Parameters common to disk patch extraction pool classes

class dplabtoolshiddenclass_b0634b2a8d824928be1495afc4933eb0
Parameters:
  • output_dir (str) – Directory name or path for saving the extracted patches.

  • image_type (str) – Image type of the saved files (PNG, JPG, etc.).

  • filename_comment (str, optional) – Comment to be added to the saved file names.

  • filename_separator (str, default="_") – Separator used in the saved file names.

  • create_subdirs (bool, default=False) – Whether to create label specific subdirectories inside output_dir or not.

Parameters common to all patch extraction pool classes

class dplabtoolshiddenclass_31556b57ce6249fbbfe0c27d6792316e
Parameters:
  • patches_pool (object) – Object representing one of the patch location pool classes.

  • proc_num_workers (int) – Number of processes in the pool. This value corresponds directly to the number of WSIs to be processed simultaneously.

  • thread_num_workers (int) – Number of threads per one worker process. This value indicates how many threads will be used to extract patches from a single WSI.

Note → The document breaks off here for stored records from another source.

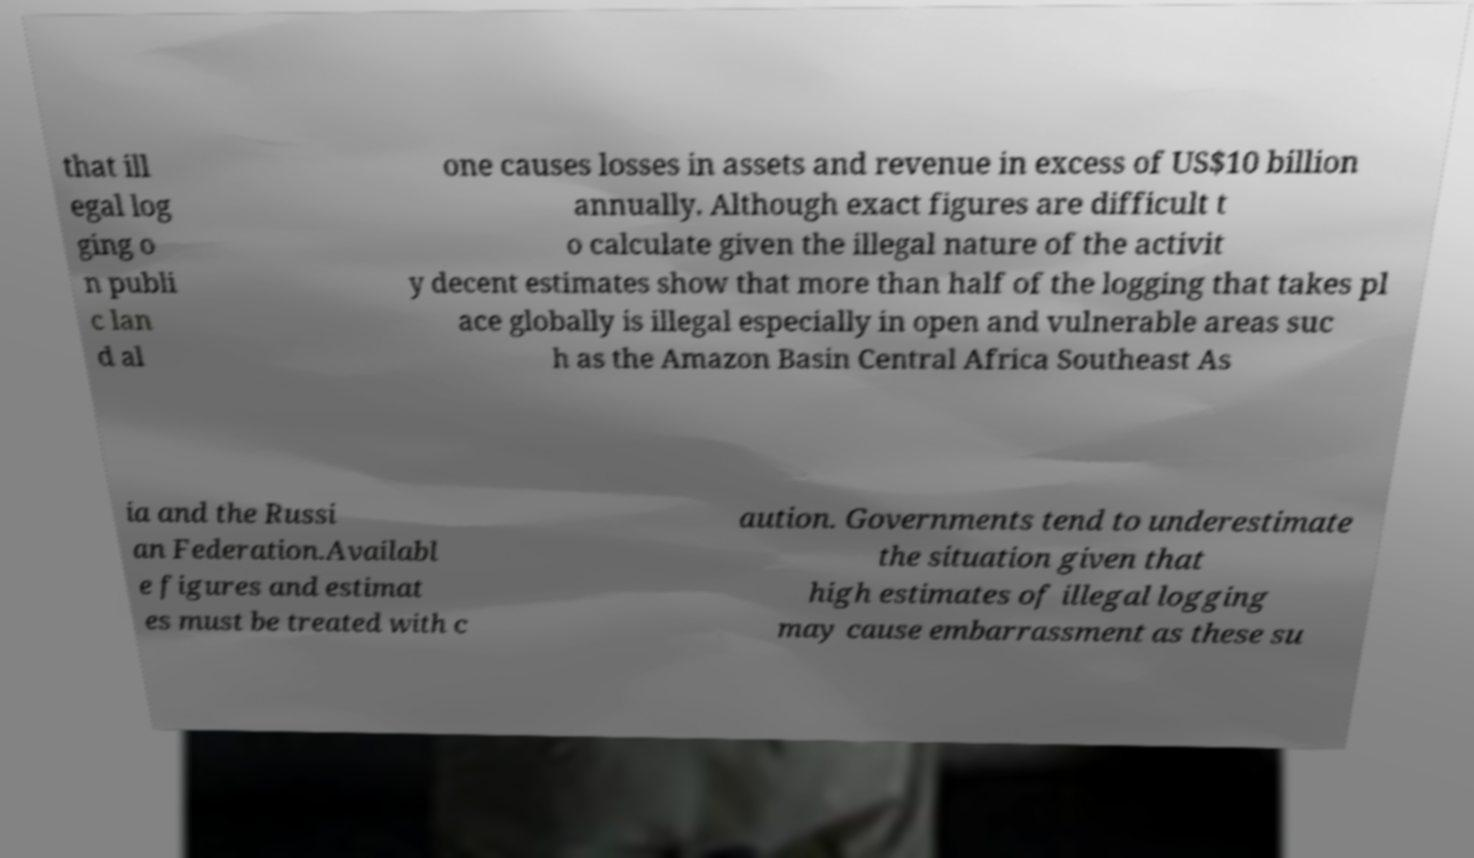What messages or text are displayed in this image? I need them in a readable, typed format. that ill egal log ging o n publi c lan d al one causes losses in assets and revenue in excess of US$10 billion annually. Although exact figures are difficult t o calculate given the illegal nature of the activit y decent estimates show that more than half of the logging that takes pl ace globally is illegal especially in open and vulnerable areas suc h as the Amazon Basin Central Africa Southeast As ia and the Russi an Federation.Availabl e figures and estimat es must be treated with c aution. Governments tend to underestimate the situation given that high estimates of illegal logging may cause embarrassment as these su 
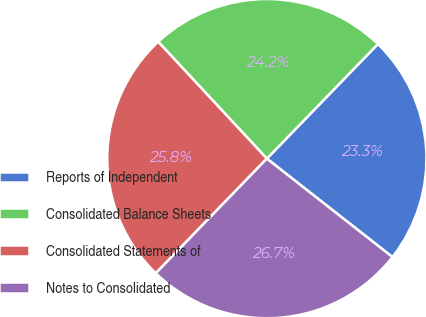Convert chart to OTSL. <chart><loc_0><loc_0><loc_500><loc_500><pie_chart><fcel>Reports of Independent<fcel>Consolidated Balance Sheets<fcel>Consolidated Statements of<fcel>Notes to Consolidated<nl><fcel>23.33%<fcel>24.17%<fcel>25.83%<fcel>26.67%<nl></chart> 
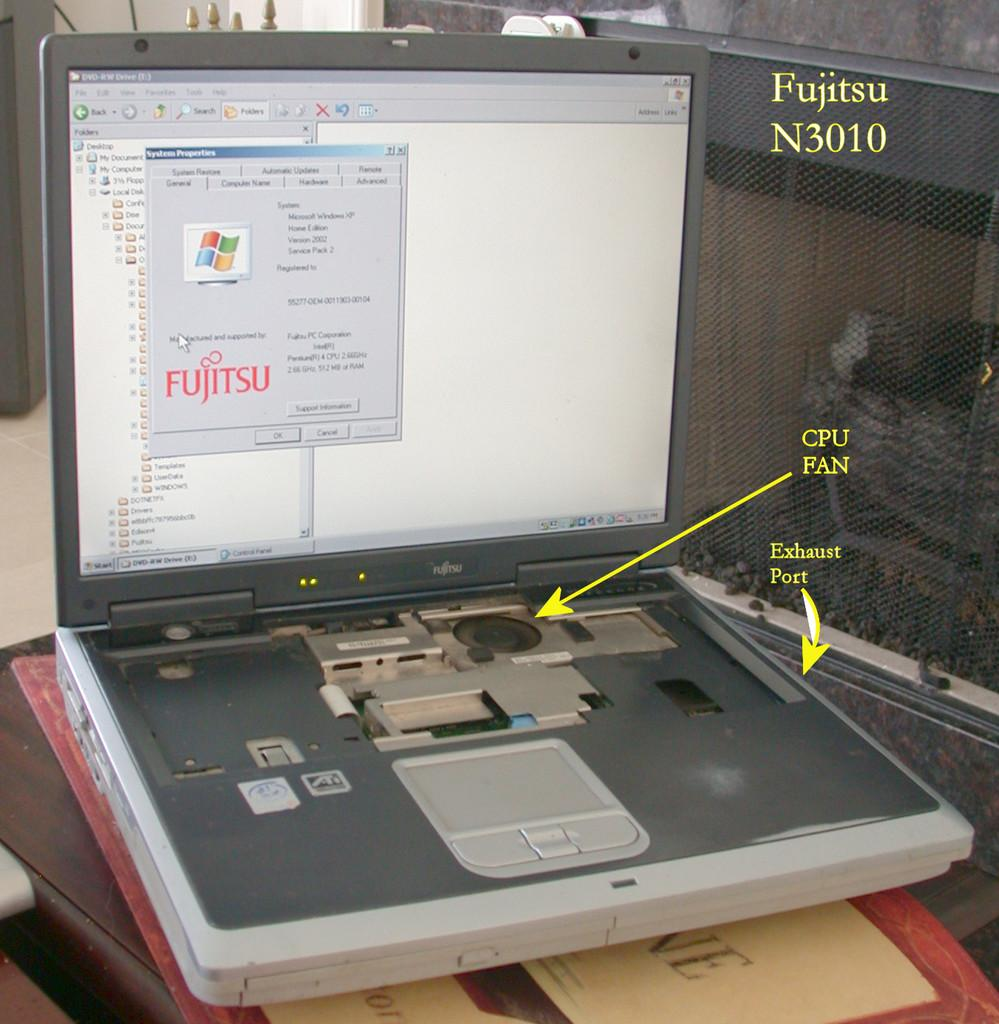Provide a one-sentence caption for the provided image. An old Fujitsu laptop has the CPU fan pointed out.

  • proc_mp_chunksize (int, default=1) – Data chunk size used in process parallelization processing.

  • thread_mp_chunksize (int, default=1) – Data chunk size used in thread parallelization processing.

  • resampling_mode (str, optional) – One of two supported down/up-sampling methods: wsi or tile

  • included_labels (list of str, optional) – Polygon labels included in patch extraction, all other labels will be ignored.

  • excluded_labels (list of str, optional) – Polygon labels excluded from patch extraction.